The response is JSON with a data array. Each entry has url (server-side filename where the PNG was written) or b64_json (a data:image/png;base64,... data URL string) depending on the response_format field. The default is Url.

FieldDefaultNotes
promptrequiredText prompt.
n1Number of images.
height720Output height in pixels.
width1280Output width in pixels.
response_format"Url""Url" (response carries a server-side filename in url) or "B64Json" (response carries a data:image/png;base64,... string in b64_json).

size (the OpenAI string form) is not supported. Use height and width.

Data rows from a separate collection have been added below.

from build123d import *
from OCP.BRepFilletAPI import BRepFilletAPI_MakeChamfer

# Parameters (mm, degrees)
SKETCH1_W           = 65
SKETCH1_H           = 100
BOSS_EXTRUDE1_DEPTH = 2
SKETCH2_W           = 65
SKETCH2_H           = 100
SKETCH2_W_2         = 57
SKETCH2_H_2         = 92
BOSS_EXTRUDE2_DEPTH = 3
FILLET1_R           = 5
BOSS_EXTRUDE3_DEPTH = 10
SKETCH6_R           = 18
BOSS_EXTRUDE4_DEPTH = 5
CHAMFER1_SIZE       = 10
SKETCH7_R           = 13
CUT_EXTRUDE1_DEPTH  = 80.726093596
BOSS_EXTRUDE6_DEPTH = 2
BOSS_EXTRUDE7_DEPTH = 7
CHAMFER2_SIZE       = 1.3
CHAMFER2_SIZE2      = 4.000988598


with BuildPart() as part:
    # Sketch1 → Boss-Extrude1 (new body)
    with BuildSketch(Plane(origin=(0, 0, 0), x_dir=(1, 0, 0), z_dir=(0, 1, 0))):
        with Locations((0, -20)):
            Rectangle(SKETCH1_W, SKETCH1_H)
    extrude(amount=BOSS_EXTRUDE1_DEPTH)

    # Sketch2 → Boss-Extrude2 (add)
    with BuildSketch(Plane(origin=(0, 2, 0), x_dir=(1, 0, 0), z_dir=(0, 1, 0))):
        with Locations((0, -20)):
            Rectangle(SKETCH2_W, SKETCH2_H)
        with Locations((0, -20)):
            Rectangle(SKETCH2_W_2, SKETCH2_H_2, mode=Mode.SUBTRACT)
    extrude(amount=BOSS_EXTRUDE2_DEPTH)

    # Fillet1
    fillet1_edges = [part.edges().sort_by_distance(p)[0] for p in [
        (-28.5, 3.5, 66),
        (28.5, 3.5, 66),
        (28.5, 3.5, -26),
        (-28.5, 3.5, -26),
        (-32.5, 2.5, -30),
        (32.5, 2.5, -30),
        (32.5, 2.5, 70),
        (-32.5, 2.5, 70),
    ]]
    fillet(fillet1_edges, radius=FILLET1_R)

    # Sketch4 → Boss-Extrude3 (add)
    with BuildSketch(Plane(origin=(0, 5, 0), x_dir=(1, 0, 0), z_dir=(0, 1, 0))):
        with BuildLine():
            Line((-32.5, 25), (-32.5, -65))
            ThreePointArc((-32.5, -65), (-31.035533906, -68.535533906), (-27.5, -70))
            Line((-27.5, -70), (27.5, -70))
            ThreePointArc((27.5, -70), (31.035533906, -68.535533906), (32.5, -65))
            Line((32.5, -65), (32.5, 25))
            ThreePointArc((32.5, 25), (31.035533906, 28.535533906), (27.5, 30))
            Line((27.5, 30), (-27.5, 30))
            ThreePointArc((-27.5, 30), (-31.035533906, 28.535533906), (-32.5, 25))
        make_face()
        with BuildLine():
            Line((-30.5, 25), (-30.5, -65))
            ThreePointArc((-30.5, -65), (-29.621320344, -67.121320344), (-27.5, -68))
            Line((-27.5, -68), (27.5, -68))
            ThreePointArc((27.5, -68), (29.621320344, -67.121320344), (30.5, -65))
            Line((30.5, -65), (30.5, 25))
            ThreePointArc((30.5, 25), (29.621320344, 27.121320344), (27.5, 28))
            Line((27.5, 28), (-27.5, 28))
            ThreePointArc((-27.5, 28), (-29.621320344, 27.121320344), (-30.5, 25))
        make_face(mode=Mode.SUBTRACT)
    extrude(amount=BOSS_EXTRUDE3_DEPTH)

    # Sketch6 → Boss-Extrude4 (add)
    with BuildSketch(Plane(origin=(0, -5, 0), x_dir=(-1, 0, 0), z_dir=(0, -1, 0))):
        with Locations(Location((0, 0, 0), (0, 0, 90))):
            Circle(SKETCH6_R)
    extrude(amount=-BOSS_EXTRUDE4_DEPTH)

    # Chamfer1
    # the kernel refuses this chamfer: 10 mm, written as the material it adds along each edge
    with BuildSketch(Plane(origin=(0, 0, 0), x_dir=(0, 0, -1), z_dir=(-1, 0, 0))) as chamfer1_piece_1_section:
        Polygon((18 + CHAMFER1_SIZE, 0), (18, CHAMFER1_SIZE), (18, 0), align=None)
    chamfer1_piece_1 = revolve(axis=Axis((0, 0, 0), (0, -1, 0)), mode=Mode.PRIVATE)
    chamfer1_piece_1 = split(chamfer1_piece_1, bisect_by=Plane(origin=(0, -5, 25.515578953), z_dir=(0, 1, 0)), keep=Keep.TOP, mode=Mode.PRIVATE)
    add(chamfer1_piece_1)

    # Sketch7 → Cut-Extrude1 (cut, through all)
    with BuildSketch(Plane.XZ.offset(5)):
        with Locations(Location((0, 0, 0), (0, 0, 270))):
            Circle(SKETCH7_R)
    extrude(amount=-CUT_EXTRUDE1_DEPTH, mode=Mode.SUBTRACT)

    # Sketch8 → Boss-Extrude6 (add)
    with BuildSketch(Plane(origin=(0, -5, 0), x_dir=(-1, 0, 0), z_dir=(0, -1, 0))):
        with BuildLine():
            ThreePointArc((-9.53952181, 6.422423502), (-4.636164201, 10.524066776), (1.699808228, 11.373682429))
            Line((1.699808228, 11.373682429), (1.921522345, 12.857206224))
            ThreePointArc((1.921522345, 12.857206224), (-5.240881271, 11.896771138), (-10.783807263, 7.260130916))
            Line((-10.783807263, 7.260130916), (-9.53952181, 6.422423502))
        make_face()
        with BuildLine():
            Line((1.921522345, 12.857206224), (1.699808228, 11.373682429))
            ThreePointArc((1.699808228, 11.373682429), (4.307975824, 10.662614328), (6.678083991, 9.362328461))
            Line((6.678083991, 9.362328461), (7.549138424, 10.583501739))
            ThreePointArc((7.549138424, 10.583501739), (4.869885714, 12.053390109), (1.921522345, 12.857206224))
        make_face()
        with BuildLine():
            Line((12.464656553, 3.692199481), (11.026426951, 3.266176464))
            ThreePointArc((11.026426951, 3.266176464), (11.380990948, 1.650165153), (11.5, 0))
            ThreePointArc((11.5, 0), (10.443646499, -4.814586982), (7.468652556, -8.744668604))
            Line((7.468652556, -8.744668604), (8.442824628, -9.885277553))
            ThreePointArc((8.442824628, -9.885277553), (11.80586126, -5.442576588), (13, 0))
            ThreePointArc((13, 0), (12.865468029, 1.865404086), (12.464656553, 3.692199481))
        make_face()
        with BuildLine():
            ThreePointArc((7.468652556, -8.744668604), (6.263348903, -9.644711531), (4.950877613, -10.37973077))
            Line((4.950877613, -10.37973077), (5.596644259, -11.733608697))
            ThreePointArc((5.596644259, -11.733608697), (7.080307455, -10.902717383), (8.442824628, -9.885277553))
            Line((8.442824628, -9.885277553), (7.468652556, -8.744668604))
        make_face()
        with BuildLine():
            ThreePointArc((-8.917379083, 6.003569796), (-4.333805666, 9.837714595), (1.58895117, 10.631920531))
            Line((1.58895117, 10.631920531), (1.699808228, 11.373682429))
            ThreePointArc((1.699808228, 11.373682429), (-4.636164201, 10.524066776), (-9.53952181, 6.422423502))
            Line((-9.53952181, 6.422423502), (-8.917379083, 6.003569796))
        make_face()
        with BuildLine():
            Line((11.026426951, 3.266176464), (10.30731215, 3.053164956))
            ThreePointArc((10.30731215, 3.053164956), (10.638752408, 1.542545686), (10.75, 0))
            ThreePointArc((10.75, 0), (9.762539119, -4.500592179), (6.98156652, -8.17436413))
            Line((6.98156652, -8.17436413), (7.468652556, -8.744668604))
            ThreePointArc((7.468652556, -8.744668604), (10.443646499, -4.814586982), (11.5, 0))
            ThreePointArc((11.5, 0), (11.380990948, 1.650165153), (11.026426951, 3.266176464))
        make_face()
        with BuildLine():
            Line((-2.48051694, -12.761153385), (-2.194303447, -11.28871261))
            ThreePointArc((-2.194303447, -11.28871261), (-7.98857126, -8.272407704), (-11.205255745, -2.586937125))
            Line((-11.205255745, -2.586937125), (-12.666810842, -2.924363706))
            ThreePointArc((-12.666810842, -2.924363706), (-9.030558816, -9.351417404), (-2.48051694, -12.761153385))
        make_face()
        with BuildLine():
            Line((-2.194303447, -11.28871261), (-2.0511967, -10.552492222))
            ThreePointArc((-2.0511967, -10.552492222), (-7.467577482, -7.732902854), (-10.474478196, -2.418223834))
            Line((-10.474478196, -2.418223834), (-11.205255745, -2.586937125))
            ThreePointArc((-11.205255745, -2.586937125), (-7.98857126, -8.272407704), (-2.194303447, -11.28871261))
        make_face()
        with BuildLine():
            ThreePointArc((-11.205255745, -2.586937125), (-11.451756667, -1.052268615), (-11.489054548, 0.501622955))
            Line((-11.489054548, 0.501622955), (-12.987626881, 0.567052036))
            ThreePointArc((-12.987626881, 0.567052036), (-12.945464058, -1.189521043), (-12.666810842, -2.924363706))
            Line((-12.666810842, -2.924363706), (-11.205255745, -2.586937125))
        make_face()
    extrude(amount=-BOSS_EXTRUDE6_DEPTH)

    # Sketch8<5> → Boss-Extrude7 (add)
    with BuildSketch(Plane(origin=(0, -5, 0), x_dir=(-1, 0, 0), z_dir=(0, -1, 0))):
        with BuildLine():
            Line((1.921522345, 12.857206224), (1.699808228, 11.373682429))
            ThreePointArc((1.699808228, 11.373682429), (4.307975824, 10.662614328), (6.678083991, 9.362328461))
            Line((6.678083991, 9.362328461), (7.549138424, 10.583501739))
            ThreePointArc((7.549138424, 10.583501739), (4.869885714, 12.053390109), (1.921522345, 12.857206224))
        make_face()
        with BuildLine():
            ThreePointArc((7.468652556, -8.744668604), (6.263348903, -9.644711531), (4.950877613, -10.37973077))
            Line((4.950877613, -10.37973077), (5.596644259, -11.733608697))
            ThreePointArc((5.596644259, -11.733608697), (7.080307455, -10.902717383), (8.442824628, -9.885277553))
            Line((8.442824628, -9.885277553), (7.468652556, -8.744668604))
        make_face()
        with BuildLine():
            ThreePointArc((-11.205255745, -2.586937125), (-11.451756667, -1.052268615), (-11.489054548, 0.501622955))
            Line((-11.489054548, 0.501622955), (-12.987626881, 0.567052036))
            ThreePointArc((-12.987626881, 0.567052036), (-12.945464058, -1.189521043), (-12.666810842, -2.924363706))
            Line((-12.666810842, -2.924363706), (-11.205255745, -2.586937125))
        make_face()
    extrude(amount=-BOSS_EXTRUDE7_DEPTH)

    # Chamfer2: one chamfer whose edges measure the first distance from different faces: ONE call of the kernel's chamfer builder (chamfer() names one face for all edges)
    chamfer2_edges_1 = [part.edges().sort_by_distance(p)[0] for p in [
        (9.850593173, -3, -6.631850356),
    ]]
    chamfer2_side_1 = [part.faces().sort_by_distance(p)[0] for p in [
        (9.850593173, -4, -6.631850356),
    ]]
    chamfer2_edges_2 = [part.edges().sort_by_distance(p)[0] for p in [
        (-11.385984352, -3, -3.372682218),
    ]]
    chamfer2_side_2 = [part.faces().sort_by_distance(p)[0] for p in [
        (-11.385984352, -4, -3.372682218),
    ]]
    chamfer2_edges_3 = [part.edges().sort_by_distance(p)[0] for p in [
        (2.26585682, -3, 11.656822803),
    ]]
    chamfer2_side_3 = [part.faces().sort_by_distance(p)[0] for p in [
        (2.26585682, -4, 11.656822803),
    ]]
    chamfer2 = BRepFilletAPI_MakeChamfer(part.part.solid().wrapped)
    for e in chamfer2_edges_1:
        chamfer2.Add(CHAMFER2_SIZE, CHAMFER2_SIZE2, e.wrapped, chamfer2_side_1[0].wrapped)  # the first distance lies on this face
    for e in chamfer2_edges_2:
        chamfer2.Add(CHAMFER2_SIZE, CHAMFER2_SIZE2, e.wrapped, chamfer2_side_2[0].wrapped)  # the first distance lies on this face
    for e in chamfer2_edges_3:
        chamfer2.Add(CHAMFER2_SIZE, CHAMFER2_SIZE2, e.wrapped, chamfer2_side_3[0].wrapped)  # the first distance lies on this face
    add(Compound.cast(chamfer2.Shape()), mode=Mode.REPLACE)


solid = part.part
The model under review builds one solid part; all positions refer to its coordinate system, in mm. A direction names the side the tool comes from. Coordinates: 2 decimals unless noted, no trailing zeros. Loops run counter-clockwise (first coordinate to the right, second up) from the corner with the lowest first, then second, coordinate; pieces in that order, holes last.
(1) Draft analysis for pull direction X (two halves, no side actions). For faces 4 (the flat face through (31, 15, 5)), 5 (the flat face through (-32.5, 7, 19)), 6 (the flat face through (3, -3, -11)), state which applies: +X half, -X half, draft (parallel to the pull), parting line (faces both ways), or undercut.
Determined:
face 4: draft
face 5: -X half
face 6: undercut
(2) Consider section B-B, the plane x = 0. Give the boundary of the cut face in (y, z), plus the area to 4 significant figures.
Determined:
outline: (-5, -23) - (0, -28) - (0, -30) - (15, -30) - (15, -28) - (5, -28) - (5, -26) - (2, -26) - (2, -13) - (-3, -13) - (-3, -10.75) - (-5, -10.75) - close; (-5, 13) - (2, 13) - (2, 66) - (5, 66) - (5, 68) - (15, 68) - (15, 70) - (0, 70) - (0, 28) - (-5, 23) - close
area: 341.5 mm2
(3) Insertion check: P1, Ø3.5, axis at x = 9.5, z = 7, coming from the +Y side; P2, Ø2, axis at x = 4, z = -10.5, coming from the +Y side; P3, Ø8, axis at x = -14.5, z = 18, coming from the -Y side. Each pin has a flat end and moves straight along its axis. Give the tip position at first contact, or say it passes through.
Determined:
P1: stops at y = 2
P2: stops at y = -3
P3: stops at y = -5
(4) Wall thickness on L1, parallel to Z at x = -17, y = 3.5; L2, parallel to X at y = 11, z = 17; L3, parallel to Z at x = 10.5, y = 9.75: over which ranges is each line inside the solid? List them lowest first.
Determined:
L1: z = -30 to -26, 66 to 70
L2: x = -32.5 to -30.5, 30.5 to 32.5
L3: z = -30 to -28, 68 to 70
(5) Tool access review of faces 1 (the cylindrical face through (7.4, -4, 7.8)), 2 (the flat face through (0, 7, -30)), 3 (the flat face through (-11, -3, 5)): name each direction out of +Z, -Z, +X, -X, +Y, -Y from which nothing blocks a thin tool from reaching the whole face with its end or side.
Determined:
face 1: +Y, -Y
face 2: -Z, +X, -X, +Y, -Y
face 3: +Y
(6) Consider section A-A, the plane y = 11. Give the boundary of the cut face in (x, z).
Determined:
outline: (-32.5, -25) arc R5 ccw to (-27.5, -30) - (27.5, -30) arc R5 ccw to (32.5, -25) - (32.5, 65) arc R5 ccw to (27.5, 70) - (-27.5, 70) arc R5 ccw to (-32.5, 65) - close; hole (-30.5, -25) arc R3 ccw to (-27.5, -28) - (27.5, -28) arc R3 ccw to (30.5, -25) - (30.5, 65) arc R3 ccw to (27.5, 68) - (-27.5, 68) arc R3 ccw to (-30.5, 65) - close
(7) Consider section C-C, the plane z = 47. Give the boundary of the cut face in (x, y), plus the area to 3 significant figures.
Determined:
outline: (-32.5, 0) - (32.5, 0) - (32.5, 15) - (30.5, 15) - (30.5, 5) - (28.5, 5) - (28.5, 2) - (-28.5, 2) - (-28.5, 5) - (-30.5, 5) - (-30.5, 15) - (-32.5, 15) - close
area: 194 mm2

FLUX is memory-hungry at native precision. Diffusion models do not support runtime ISQ; load them at native precision instead of passing --quant or --isq.

from mistralrs import (
DiffusionArchitecture,
ImageGenerationResponseFormat,
Runner,
Which,
)
runner = Runner(
which=Which.DiffusionPlain(
model_id="black-forest-labs/FLUX.1-schnell",
arch=DiffusionArchitecture.FluxOffloaded,
)
)
response = runner.generate_image(
"A vibrant sunset in the mountains, high quality.",
ImageGenerationResponseFormat.Url,
)
print(response.data[0].url)

With Url (the default), the server writes the PNG to disk and returns its filename in url:

import shutil
saved = response["data"][0]["url"]
shutil.copy(saved, "out.png")

With B64Json, b64_json is a data:image/png;base64,... string. Strip the prefix before decoding:

import base64, re
data_url = response["data"][0]["b64_json"]
payload = re.sub(r"^data:image/\w+;base64,", "", data_url)
with open("out.png", "wb") as f:
f.write(base64.b64decode(payload))

The same endpoint is callable from the Rust SDK via Model::generate_image.